WORK ITEM
Please reproduce the records exactly, leaving out any pictures.
START SOURCE DATA
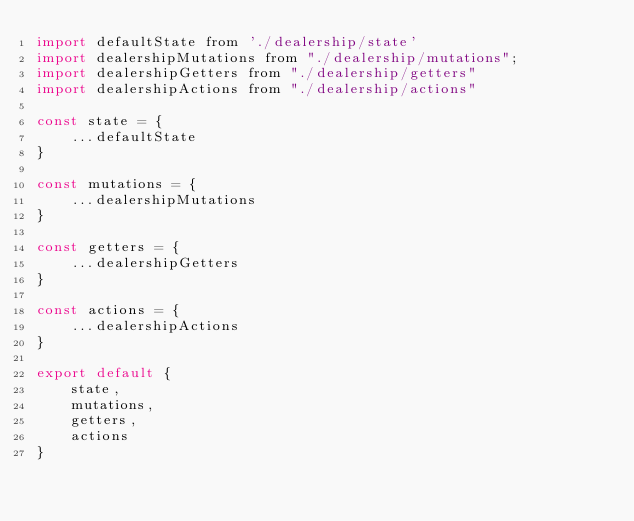Convert code to text. <code><loc_0><loc_0><loc_500><loc_500><_JavaScript_>import defaultState from './dealership/state'
import dealershipMutations from "./dealership/mutations";
import dealershipGetters from "./dealership/getters"
import dealershipActions from "./dealership/actions"

const state = {
    ...defaultState
}

const mutations = {
    ...dealershipMutations
}

const getters = {
    ...dealershipGetters
}

const actions = {
    ...dealershipActions
}

export default {
    state,
    mutations,
    getters,
    actions
}
</code> 
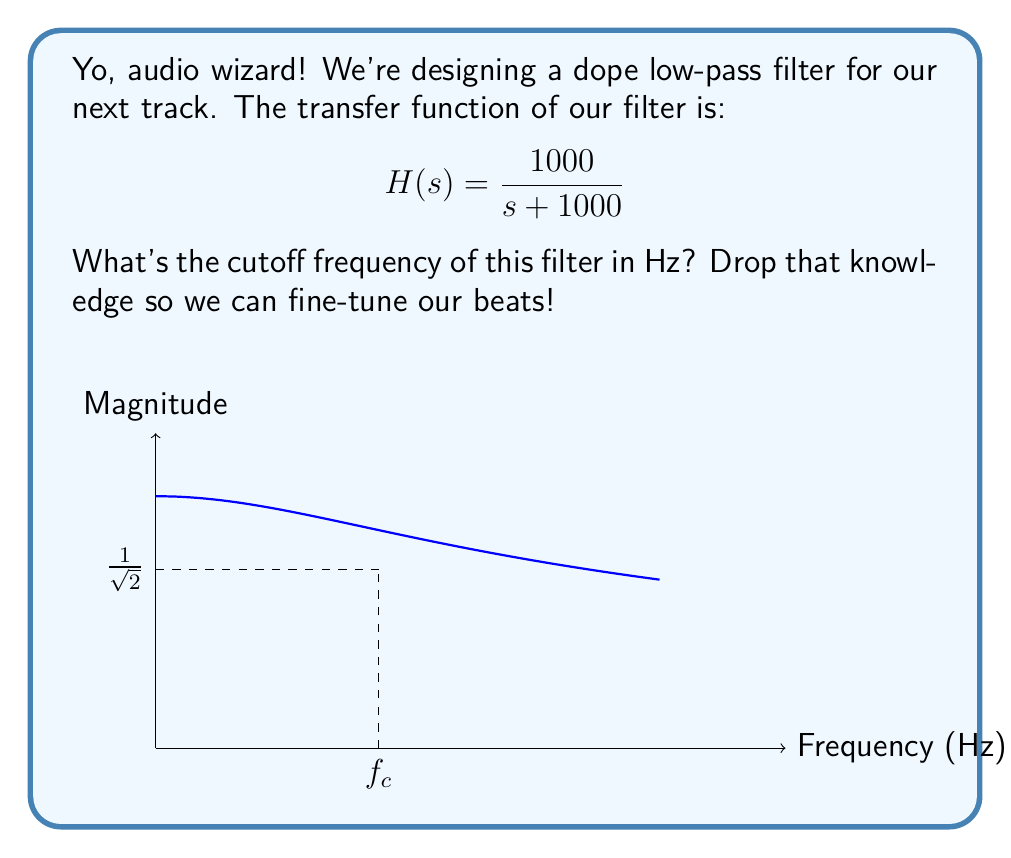What is the answer to this math problem? Alright, let's break this down step by step:

1) The transfer function $H(s)$ represents a first-order low-pass filter.

2) For a first-order low-pass filter, the cutoff frequency $\omega_c$ (in rad/s) occurs when the magnitude of $H(j\omega)$ is $\frac{1}{\sqrt{2}}$ of its maximum value.

3) Let's substitute $s$ with $j\omega$ in our transfer function:

   $$H(j\omega) = \frac{1000}{j\omega + 1000}$$

4) The magnitude of this complex function is:

   $$|H(j\omega)| = \frac{1000}{\sqrt{\omega^2 + 1000^2}}$$

5) At the cutoff frequency, this magnitude equals $\frac{1}{\sqrt{2}}$:

   $$\frac{1000}{\sqrt{\omega_c^2 + 1000^2}} = \frac{1}{\sqrt{2}}$$

6) Solving this equation:

   $$\omega_c^2 + 1000^2 = 2 \cdot 1000^2$$
   $$\omega_c^2 = 1000^2$$
   $$\omega_c = 1000 \text{ rad/s}$$

7) To convert from rad/s to Hz, we divide by $2\pi$:

   $$f_c = \frac{\omega_c}{2\pi} = \frac{1000}{2\pi} \approx 159.15 \text{ Hz}$$

8) Rounding to the nearest whole number:

   $$f_c \approx 159 \text{ Hz}$$
Answer: 159 Hz 
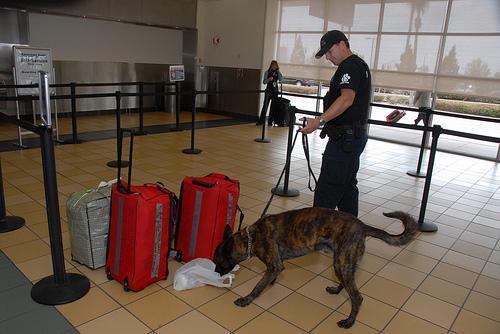How many red suitcaces are in front of the dog?
Give a very brief answer. 2.
END SOURCE DATA
TASK RESPONSE
Convert code to text. <code><loc_0><loc_0><loc_500><loc_500><_JavaScript_>import defaultState from './dealership/state'
import dealershipMutations from "./dealership/mutations";
import dealershipGetters from "./dealership/getters"
import dealershipActions from "./dealership/actions"

const state = {
    ...defaultState
}

const mutations = {
    ...dealershipMutations
}

const getters = {
    ...dealershipGetters
}

const actions = {
    ...dealershipActions
}

export default {
    state,
    mutations,
    getters,
    actions
}
</code> 
What is the answer to this math problem? Alright, let's break this down step by step:

1) The transfer function $H(s)$ represents a first-order low-pass filter.

2) For a first-order low-pass filter, the cutoff frequency $\omega_c$ (in rad/s) occurs when the magnitude of $H(j\omega)$ is $\frac{1}{\sqrt{2}}$ of its maximum value.

3) Let's substitute $s$ with $j\omega$ in our transfer function:

   $$H(j\omega) = \frac{1000}{j\omega + 1000}$$

4) The magnitude of this complex function is:

   $$|H(j\omega)| = \frac{1000}{\sqrt{\omega^2 + 1000^2}}$$

5) At the cutoff frequency, this magnitude equals $\frac{1}{\sqrt{2}}$:

   $$\frac{1000}{\sqrt{\omega_c^2 + 1000^2}} = \frac{1}{\sqrt{2}}$$

6) Solving this equation:

   $$\omega_c^2 + 1000^2 = 2 \cdot 1000^2$$
   $$\omega_c^2 = 1000^2$$
   $$\omega_c = 1000 \text{ rad/s}$$

7) To convert from rad/s to Hz, we divide by $2\pi$:

   $$f_c = \frac{\omega_c}{2\pi} = \frac{1000}{2\pi} \approx 159.15 \text{ Hz}$$

8) Rounding to the nearest whole number:

   $$f_c \approx 159 \text{ Hz}$$
Answer: 159 Hz 
How many red suitcaces are in front of the dog?
Give a very brief answer. 2.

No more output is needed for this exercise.